Fuller Center dedicates its 500th home in El Salvador

Fuller Center dedicates its 500th home in El Salvador

SAN SALVADOR — Fuller Center for Housing President David Snell traveled to El Salvador last week with our partners at The People Helping People Network, who have an annual Vision Trip the week after Thanksgiving to see PHP’s various operations in the country, notably in its four key focus areas — Health Care, Hunger Relief, Education, and Housing.

More than a dozen participants on the trip were not only able to meet Fuller Center families and tour thriving communities, but they also were on hand for a pair of special events — the dedication of The Fuller Center’s 500th home in El Salvador and the groundbreaking for yet another Fuller Center community coming to a beautiful site in Juayúa.

El Espino

The 500th home belongs to the Jacinta family, and is one of 54 in the community of El Espino, a close-knit group of families who were evicted from land on which they had lived for generations before a developer seized the land upon discovering no one could prove who held the title. After living in shacks and a roadside slum, the El Espino families are comfortable and safe in a beautiful new community.

“It was great and very sweet,” Snell said of the dedication ceremony for the Jacintas. “They’re a lovely family. It’s a very nice house, and they’ve done a lot of work on it and inside. They seem very happy, and we’re very happy. It was a nice event.”

He added that it was fitting that the 500th home is located in El Espino.

“They’d been on a hillside near this site for 40 years,” Snell said. “They were farmworkers who were working a farm there. So, this is truly a community, and they’d been a community for many years. They all know one another and care for one another. So, it has a real nice feel to it. It’s a very positive place.”

Jeff Cardwell (left) and David Snell with Juayua families

Snell also was able to join local leadership including Lisselot Troconis and PHP founder Jeff Cardwell (also a Fuller Center board member) for a gathering with families who will be living in a new 50-home community near Juayua. Currently, the site is home to a soccer field, but the city has agreed to build a new soccer field adjacent to the new homes.

“They’re gonna break ground in two weeks and plan to have it finished for springtime,” Snell said. “It’s an ideal spot, just as flat as can be.”

“It is an absolutely beautiful site,” Cardwell added. “It’s going to be a nice, flat building site, but it’s surrounded by mountains. It’s just a beautiful place.”

During the trip, the group also got to meet with El Salvador’s Housing Minister Michelle Sol, who was mayor of Nuevo Cuscatlán when The Fuller Center began building there a few years ago.

Michelle Sol and David Snell

“Michelle really wanted to take the opportunity to thank The Fuller Center and thank People Helping People and the volunteers and people coming there because she said without The Fuller Center and People Helping People, she would not be the Minister of Housing today,” Cardwell said. “She said it’s through the programs we implemented in Nuevo Cuscatlán that gave her the opportunity to spread the programs across the country.
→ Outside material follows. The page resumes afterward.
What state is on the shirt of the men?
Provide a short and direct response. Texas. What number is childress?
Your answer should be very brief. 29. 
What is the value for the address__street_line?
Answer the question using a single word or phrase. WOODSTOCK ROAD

“She’s been very supportive,” he added. “It is a tremendous example of what a successful public-private partnership looks like. Both The Fuller Center and People Helping People have seen exponential growth in the country because of that partnership. And she’s looking forward to seeing that partnership grow and continue.”

The trip also made quite an impression on some of those who came to witness The People Helping People Network and The Fuller Center for Housing are making a real, tangible difference in people’s lives, including Phil Watkins, an executive with AES Indiana. AES provides electric services in both the Indianapolis area where PHP is based and in The Fuller Center’s El Salvador communities.

“This trip allowed me to see firsthand the results of individuals putting their faith into action, and partnering together with various entities — private, public and government — to accomplish great things,” Watkins said. “My respect for the vision of PHP and Jeff Cardwell, has only grown, which in turn has increased my desire to do what I can to support the work of the PHP organization and Fuller Center for Housing.”